Thanks for the additional tips! I have a question for you. Why is it not good to edit cinema dng in premiere after the slimraw treatment? Is it because Premiere won't be able to bring back the details in the shadows of cinema dng like how it can do highlight recovery with BRAW?
@@strawhatsam The raw processing options in Resolve are more detailed. The CinemaDNG source effect in Premiere only has color temperature and tint, IIRC.
@@ezsteel78 Thanks for that! What is the difference between the rwaw processing options and the regular color grading tools? In Premiere one would have to use the lumetri effect panel to adjust exposure, contrast, and color hues, but will that not be utilizing the raw data effectively and be missing out on hidden extra dynamic range?
@@strawhatsam My understanding is that the raw processing options affect the image earlier in the pipeline, during debayering and while it is still linear. Lumetri is working on a tone mapped RGB image further down the pipe, after raw development. I believe an exposure adjustment during raw processing can, for example, pull whites back, but exposure adjustments on a tone mapped image can't bring back what's already gone.
It's been a while since I've worked in Resolve so yep, I'm watching this again. I only watch your Sigma FP and Resolve videos as we have a very similar workflow. Thank you again for making this.

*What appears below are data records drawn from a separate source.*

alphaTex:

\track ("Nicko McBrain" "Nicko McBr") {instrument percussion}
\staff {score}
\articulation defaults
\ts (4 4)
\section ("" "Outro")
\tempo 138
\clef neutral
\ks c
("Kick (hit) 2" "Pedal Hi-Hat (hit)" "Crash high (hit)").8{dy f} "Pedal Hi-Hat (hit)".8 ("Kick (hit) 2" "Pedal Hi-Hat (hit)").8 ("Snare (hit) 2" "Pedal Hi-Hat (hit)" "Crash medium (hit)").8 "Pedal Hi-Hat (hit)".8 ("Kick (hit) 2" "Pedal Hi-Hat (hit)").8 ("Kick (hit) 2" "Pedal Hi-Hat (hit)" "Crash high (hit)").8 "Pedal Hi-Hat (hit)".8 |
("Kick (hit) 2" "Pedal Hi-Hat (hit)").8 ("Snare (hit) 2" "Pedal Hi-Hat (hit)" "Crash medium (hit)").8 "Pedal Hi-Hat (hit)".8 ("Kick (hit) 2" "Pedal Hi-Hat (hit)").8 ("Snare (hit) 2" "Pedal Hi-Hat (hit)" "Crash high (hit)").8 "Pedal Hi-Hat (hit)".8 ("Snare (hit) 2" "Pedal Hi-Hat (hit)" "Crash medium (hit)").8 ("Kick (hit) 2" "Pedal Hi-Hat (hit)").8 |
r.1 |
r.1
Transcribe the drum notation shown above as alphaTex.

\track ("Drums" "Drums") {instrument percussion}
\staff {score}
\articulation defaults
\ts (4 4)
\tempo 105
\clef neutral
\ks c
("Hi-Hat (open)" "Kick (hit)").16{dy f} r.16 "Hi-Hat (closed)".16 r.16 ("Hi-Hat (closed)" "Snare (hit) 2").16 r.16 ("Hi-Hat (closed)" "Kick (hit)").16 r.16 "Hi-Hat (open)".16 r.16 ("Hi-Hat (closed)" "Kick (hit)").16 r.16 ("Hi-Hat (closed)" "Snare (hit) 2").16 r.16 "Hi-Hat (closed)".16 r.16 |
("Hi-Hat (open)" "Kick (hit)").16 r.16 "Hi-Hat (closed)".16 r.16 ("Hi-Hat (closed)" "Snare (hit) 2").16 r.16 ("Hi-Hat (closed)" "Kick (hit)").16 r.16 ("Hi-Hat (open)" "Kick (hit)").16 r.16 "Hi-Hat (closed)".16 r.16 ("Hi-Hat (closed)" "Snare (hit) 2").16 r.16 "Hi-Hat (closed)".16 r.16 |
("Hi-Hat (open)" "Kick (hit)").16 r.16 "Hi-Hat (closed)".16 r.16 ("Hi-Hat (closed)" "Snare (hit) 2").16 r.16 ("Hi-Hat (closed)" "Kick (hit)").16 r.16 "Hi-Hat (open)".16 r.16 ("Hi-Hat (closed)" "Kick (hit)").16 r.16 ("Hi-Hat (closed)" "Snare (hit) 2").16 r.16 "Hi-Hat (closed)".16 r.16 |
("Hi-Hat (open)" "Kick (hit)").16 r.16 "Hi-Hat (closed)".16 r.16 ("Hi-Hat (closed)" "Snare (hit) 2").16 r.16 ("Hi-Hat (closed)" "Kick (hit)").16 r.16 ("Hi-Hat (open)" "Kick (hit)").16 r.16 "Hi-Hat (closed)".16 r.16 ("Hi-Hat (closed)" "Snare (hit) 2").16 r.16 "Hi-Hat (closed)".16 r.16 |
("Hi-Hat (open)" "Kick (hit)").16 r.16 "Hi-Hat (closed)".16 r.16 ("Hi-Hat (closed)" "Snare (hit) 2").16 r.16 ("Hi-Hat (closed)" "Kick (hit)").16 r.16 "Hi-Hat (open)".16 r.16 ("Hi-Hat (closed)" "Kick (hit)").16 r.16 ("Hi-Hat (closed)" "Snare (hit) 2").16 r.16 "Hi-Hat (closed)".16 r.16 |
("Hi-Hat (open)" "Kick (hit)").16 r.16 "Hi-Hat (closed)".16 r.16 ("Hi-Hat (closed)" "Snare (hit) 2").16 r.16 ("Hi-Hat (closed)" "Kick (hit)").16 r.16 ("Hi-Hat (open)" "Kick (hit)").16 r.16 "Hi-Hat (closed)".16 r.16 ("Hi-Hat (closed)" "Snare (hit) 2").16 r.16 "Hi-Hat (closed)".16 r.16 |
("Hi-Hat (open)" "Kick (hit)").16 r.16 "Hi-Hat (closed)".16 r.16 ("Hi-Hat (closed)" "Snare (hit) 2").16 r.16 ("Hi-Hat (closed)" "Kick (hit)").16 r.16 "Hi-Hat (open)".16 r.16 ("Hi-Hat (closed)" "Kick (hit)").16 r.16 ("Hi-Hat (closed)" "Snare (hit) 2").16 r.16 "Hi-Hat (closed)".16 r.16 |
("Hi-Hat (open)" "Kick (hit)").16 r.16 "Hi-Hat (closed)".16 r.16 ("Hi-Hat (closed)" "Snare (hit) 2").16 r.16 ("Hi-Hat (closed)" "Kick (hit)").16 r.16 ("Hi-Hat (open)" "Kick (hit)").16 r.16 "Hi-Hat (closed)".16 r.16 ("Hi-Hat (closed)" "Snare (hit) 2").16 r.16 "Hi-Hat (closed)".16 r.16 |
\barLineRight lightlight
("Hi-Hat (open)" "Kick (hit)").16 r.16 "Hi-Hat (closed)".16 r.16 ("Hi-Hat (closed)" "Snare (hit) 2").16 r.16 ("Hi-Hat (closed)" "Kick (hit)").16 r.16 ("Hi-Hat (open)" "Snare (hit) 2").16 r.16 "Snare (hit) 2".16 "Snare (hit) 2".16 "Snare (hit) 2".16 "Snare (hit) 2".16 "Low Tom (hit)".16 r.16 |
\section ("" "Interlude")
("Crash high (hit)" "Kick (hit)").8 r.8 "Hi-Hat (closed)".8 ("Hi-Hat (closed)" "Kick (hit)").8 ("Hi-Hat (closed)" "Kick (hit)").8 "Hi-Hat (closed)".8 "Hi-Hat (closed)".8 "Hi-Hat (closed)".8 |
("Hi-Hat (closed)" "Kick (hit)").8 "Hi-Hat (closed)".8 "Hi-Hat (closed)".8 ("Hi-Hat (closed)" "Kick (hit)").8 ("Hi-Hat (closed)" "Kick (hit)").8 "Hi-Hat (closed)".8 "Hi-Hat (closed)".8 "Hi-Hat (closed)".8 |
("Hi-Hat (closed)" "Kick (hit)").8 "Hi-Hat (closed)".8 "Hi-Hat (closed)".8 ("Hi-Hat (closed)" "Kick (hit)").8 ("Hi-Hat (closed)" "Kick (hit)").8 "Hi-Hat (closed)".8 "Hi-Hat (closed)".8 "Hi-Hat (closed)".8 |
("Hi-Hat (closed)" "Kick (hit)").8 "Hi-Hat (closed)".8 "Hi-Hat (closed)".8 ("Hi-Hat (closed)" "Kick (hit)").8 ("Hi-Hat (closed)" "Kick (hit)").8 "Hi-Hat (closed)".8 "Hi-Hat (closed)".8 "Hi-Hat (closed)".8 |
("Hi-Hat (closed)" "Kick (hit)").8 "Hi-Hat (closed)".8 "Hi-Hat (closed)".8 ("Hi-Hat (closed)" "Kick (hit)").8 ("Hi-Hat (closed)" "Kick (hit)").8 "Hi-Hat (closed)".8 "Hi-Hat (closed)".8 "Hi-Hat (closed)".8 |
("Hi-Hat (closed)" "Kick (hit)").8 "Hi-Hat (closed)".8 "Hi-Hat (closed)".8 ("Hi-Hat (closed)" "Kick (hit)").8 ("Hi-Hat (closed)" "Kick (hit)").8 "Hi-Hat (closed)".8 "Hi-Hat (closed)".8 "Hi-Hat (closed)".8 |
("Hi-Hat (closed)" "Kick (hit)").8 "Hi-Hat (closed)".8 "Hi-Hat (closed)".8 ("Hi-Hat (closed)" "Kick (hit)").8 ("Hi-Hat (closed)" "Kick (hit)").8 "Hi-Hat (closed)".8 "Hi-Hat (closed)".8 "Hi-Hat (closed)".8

You're very welcome! Glad my content has been helpful 🙂
This video is jam-packed with detailed and useful info! Ty! 🙌
You’re very welcome! Glad you found it helpful 😁
I'm brand new to a raw work flow and found this very helpful. Thank you!
Straightforward. Clear. Easy to follow. Nice job, Dylan.
Thank you!
Your honesty about not knowing about some of the click options in SlimRaw had me pause to subscribe. Much appreciated.
Thanks, friend!
So many things to thank you for but my top 2 are - thanks for the test footage download files and thanks for mentioning your computer spec 👏🏻👏🏻👏🏻
Great video. Thanks for going to the point quick. 👍
Thanks! I’ve been aiming for a balance of brevity and information. I think there’s still some more improving to do
Thank you so much. I'm following now this workflow.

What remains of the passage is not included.